脱出
私は洋館を出ると、バスで秀くんと連くんがいる病院に向かった。
「ごめんなさいごめんなさいごめんなさい」
病室に入ると、秀くんは連くんに向かって何度も謝り続けていた。
「あ…未来ちゃん、連は脳震盪を起こしただろうって、脳挫傷で言葉が話せなくなる可能性も捨てきれないって言われた」
「そんな…」
「僕が我を忘れて、連を殴り続けたせいだ」
「それは白の術で仕方なかったんだよ」
「でも、僕が殴り続けたから…間接的には僕のせいで…僕がもっと連を止めていれば…」
秀くんは頭を抱えて泣き出した。
「もし…もし、連くんが言葉が話せなくなっても、支え続けよう。
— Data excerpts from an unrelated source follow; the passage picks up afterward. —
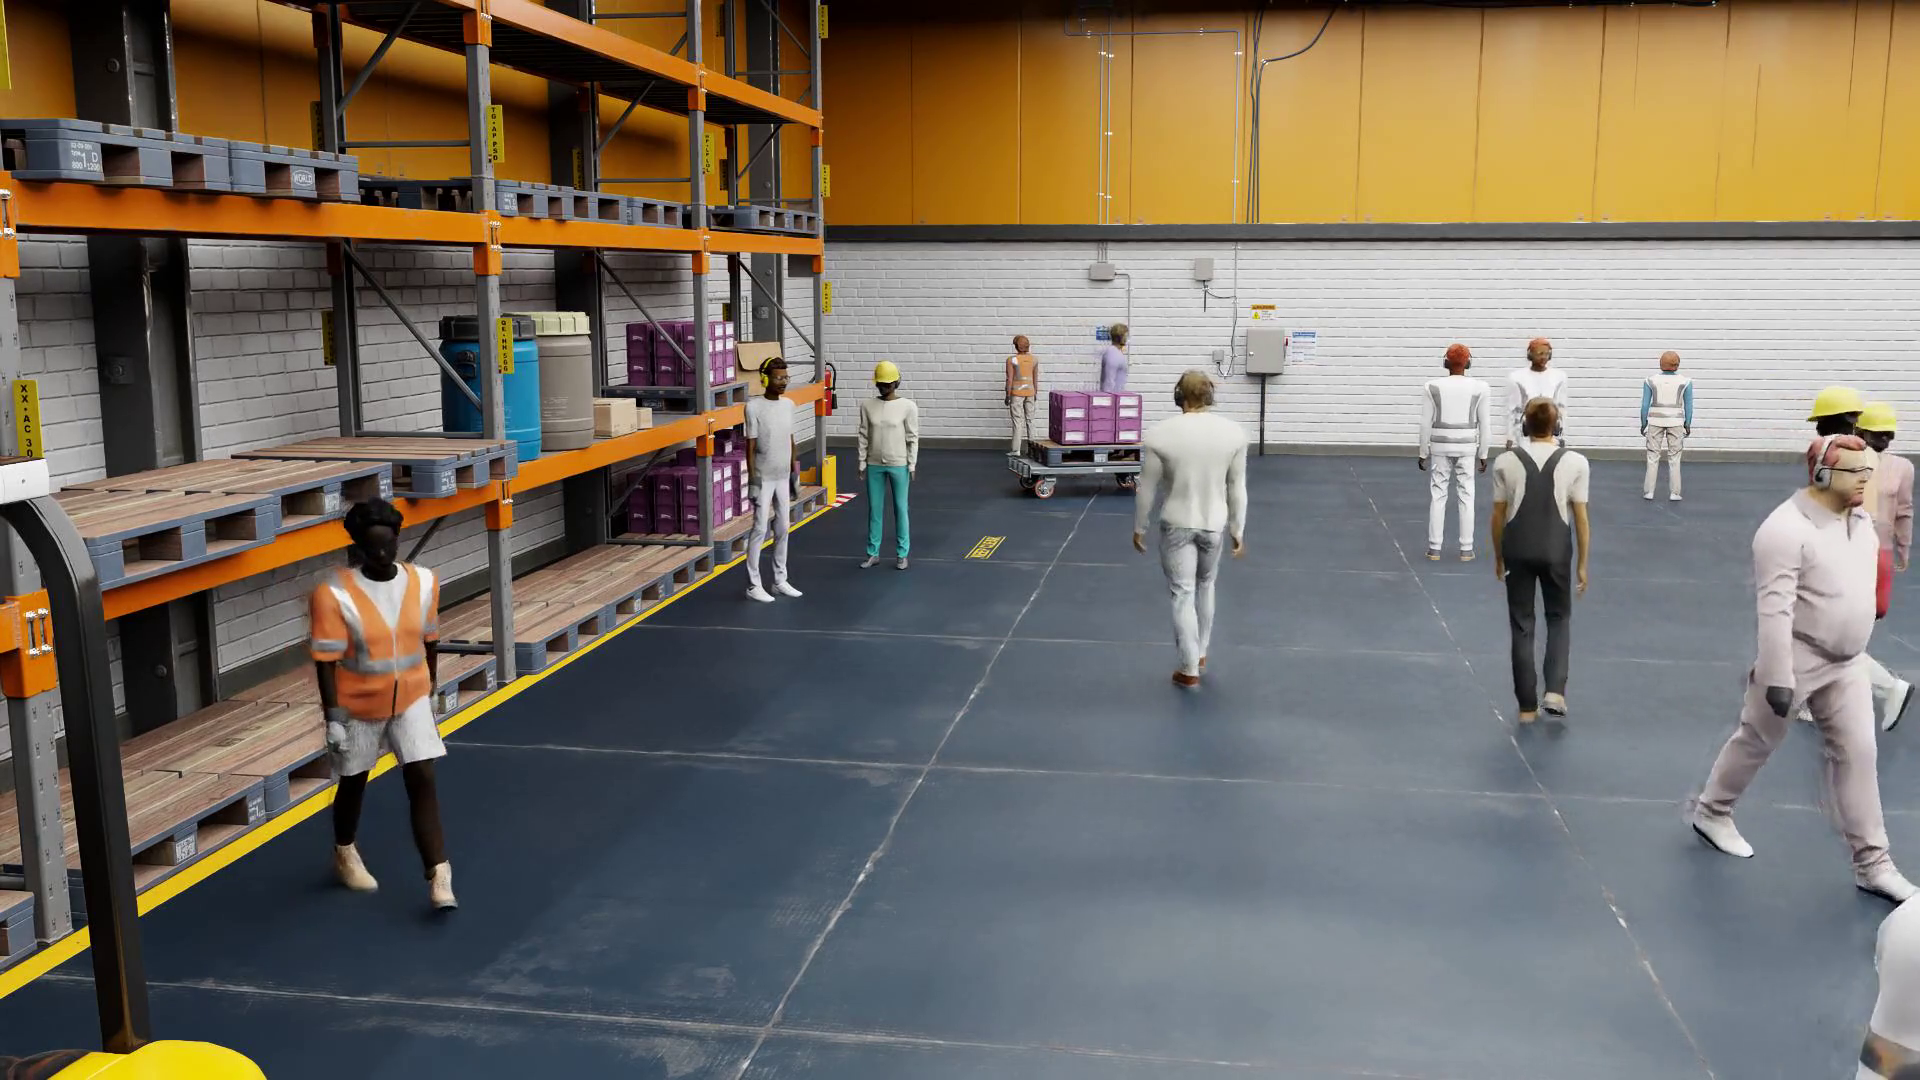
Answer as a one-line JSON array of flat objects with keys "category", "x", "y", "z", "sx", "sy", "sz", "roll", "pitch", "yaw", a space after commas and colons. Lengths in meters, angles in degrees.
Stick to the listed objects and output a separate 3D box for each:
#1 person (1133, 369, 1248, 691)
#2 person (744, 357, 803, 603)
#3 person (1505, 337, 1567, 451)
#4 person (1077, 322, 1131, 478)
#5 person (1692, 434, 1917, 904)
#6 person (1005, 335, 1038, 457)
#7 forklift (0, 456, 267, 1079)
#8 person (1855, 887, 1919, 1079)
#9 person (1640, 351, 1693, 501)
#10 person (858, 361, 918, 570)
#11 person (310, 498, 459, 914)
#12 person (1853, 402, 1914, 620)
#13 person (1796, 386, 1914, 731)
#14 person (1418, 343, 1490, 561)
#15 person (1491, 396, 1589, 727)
[{"category": "person", "x": 1.371, "y": -0.080, "z": 10.127, "sx": 0.656, "sy": 1.910, "sz": 0.801, "roll": -1, "pitch": 9, "yaw": -8}, {"category": "person", "x": -1.427, "y": -0.457, "z": 12.653, "sx": 0.320, "sy": 1.857, "sz": 0.505, "roll": 8, "pitch": 12, "yaw": 41}, {"category": "person", "x": 5.570, "y": -1.027, "z": 16.114, "sx": 0.602, "sy": 1.868, "sz": 0.453, "roll": 1, "pitch": 9, "yaw": 3}, {"category": "person", "x": 1.757, "y": -1.649, "z": 19.879, "sx": 0.959, "sy": 1.907, "sz": 0.631, "roll": 0, "pitch": 9, "yaw": 2}, {"category": "person", "x": 3.497, "y": 0.486, "z": 6.827, "sx": 0.658, "sy": 1.856, "sz": 1.025, "roll": -4, "pitch": 10, "yaw": -24}, {"category": "person", "x": 0.834, "y": -1.939, "z": 22.431, "sx": 0.514, "sy": 1.645, "sz": 0.307, "roll": -6, "pitch": 11, "yaw": -32}, {"category": "forklift", "x": -2.328, "y": 0.975, "z": 2.765, "sx": 2.313, "sy": 2.155, "sz": 1.214, "roll": 1, "pitch": 9, "yaw": 9}, {"category": "person", "x": 1.696, "y": 1.136, "z": 2.757, "sx": 0.594, "sy": 1.891, "sz": 0.691, "roll": 0, "pitch": 9, "yaw": -2}, {"category": "person", "x": 7.682, "y": -1.235, "z": 18.104, "sx": 0.524, "sy": 1.636, "sz": 0.308, "roll": 4, "pitch": 10, "yaw": 25}, {"category": "person", "x": -0.612, "y": -0.621, "z": 13.950, "sx": 0.523, "sy": 1.760, "sz": 0.328, "roll": 2, "pitch": 10, "yaw": 15}, {"category": "person", "x": -2.246, "y": 0.640, "z": 6.471, "sx": 0.559, "sy": 1.640, "sz": 0.889, "roll": -8, "pitch": 12, "yaw": -41}, {"category": "person", "x": 5.390, "y": 0.028, "z": 9.982, "sx": 0.527, "sy": 1.743, "sz": 0.642, "roll": 0, "pitch": 9, "yaw": 3}, {"category": "person", "x": 4.817, "y": 0.116, "z": 9.007, "sx": 0.591, "sy": 1.891, "sz": 0.723, "roll": -8, "pitch": 12, "yaw": -41}, {"category": "person", "x": 4.267, "y": -0.754, "z": 14.378, "sx": 0.587, "sy": 1.883, "sz": 0.341, "roll": 2, "pitch": 10, "yaw": 14}, {"category": "person", "x": 3.187, "y": 0.121, "z": 9.189, "sx": 0.521, "sy": 1.818, "sz": 0.461, "roll": 3, "pitch": 10, "yaw": 18}]
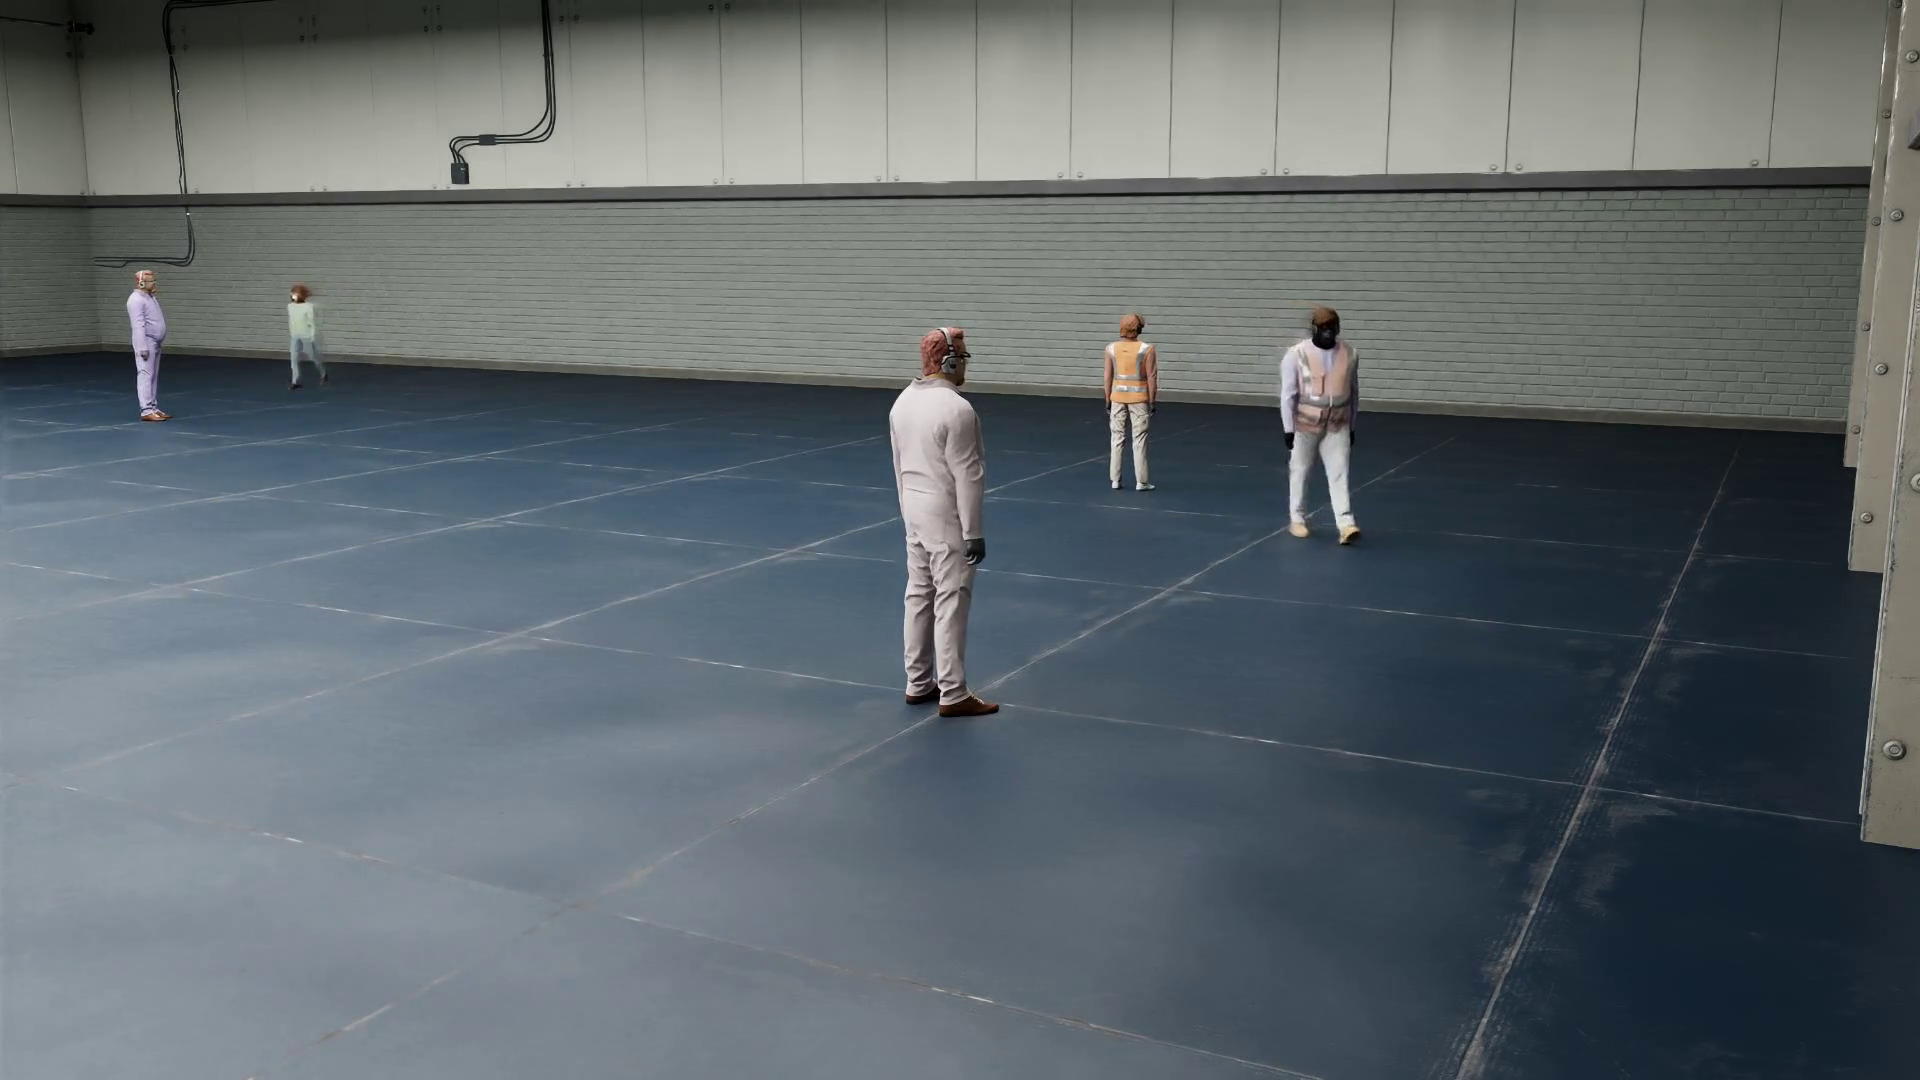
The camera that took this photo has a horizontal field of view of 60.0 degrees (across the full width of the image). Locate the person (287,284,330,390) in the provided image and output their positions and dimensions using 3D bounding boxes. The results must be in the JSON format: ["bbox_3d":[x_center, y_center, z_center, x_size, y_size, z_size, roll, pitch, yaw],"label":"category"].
[{"bbox_3d":[-10.097,-3.140,25.659,0.505,1.608,0.765,3,11,18],"label":"person"}]

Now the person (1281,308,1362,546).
[{"bbox_3d":[2.774,-0.860,12.707,0.655,1.792,0.954,-1,10,-6],"label":"person"}]

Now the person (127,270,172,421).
[{"bbox_3d":[-10.305,-2.468,21.168,0.404,1.911,0.636,-2,11,-11],"label":"person"}]

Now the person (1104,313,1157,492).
[{"bbox_3d":[1.568,-1.264,15.327,0.514,1.642,0.314,6,12,28],"label":"person"}]

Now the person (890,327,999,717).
[{"bbox_3d":[-0.070,-0.087,8.186,0.409,1.909,0.642,-7,13,-34],"label":"person"}]

それが、私たちが連くんを本気で止めようとしなかった償いだよ」
「そんなことで、連が許してくれるわけないだろう…?」
「そうやって、自分で決めつけて、連くんの気持ちを知ろうとしないで、逆に連くんを追い詰めることになるかもしれないんだよ」
「連を追い詰める…?」
「秀くんが今、連くんと離れれば『自分があの時、洋館に行こうと言わなければ、友人関係が壊れることは無かった』って、自分を責めるかもしれない。『言葉が使えない自分は要らない存在だ』って勘違いするかもしれない。そうなったら、誰が幸せになれるの?」
「…」
秀くんは黙って私の話を聞いていた。
「だから、さ…連くんがどうなっても、支えよう」
秀くんはこくりと頷いた。
「うう…」
その時、連くんが目を覚ました。
「連くん!」
「連!」
私たちは、連くんの顔をじっと見つめる。次の言葉が紡ぎだされることを期待して。
「う…あう…あ…う」
連くんは言葉を発せなくなっていた。